A microbenchmark is constructed based around two tables A and B, and three transactions changeA, changeB, and changeAB that update tables A, B, and both A and B respectively. A predictive model is also built for both SI and Read Committed isolation levels to predict how many integrity violations will occur under different transaction mixes.
In Figure 1 we show an example of the use of our microbenchmark. We have measured the rate of violations of the integrity constraint at different isolation levels, on a particular platform, and for a range of configurations which vary only in the MPL (the number of concurrent clients that are submitting transactions).
The predictions show the correct trend, with reasonable accuracy as shown below:
The work shows that it is possible to quantify the number of predicted integrity violations, given an understanding of the transaction mix, thus helping developers figure out what they’re giving up when trading correctness for performance.

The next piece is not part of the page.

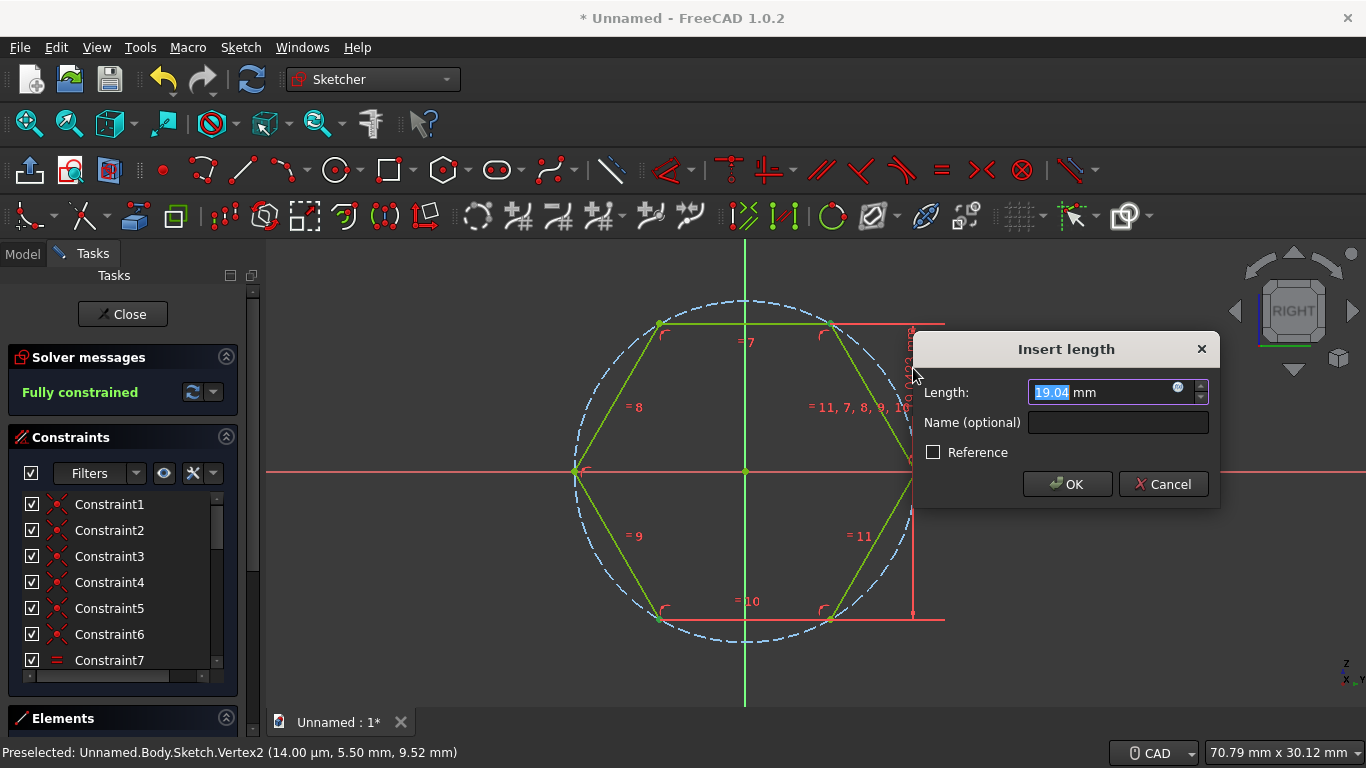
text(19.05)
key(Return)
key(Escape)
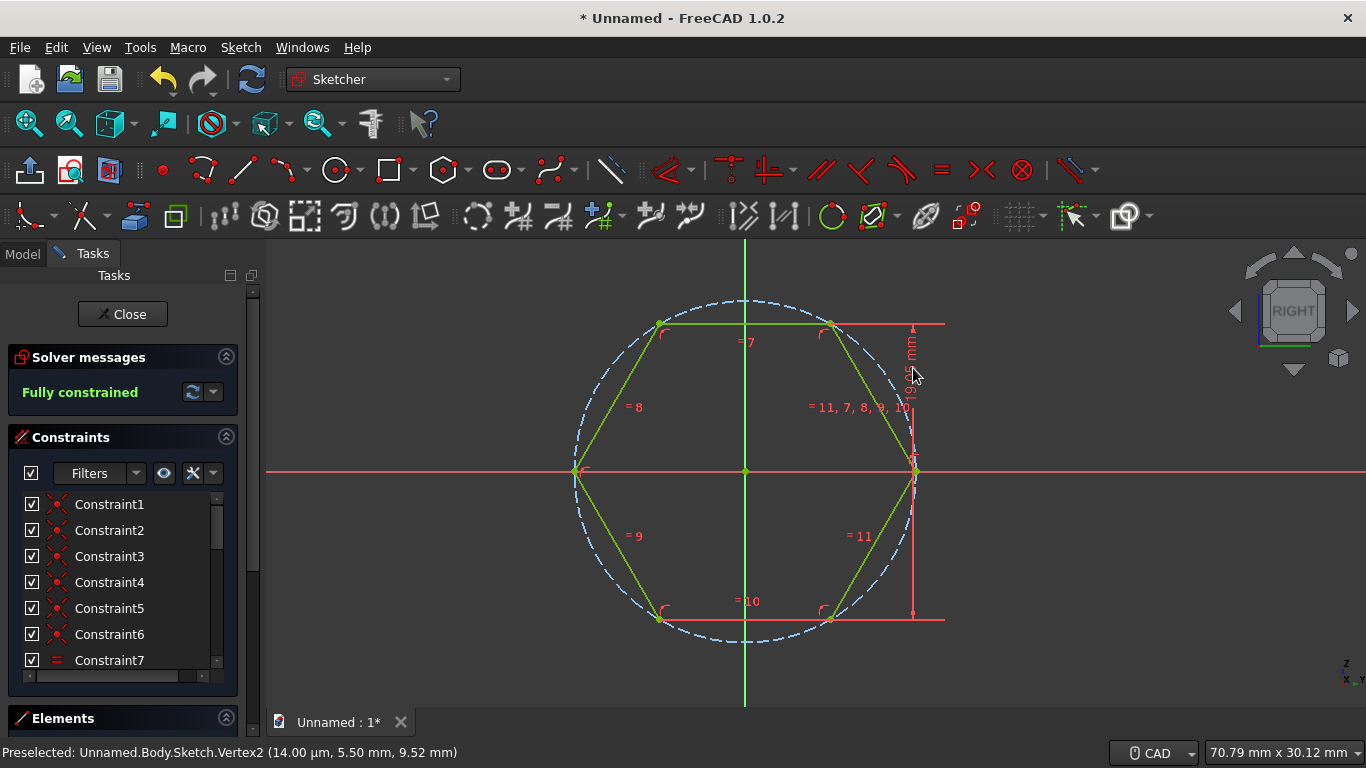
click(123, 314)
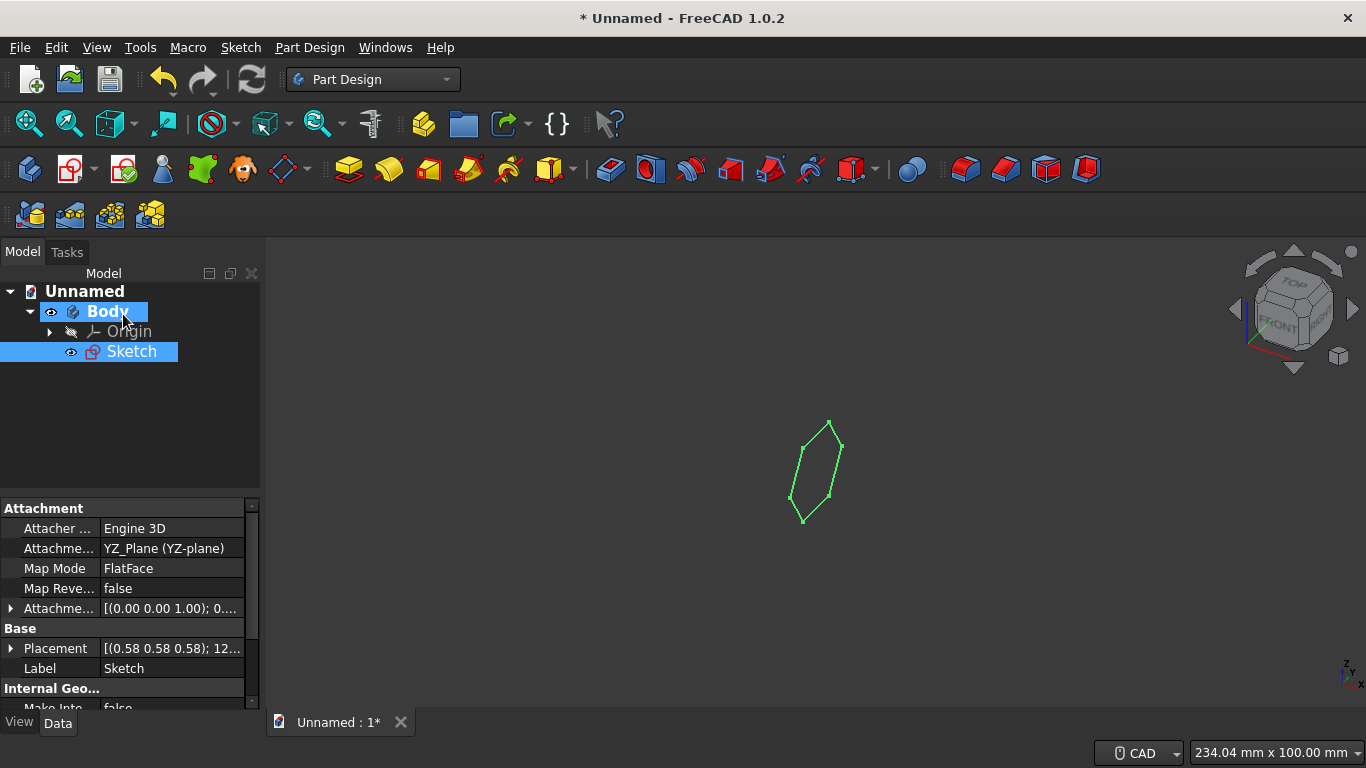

Another direction is to extend our predictive model from the particular transactions in the microbenchmark, to deal with arbitrary mixes of application code, in particular so it can be applied to more realistic programs. This will be based on a static dependency graph which shows which pairs of transactions deal with the same item, but it will also need careful analysis of which interleavings actually cause violation of integrity constraints.
(Of course, this statement predates the work by Bailis, Fekete, et al. on I-Confluence which did indeed go on to investigate which interleavings cause violation of integrity constraints).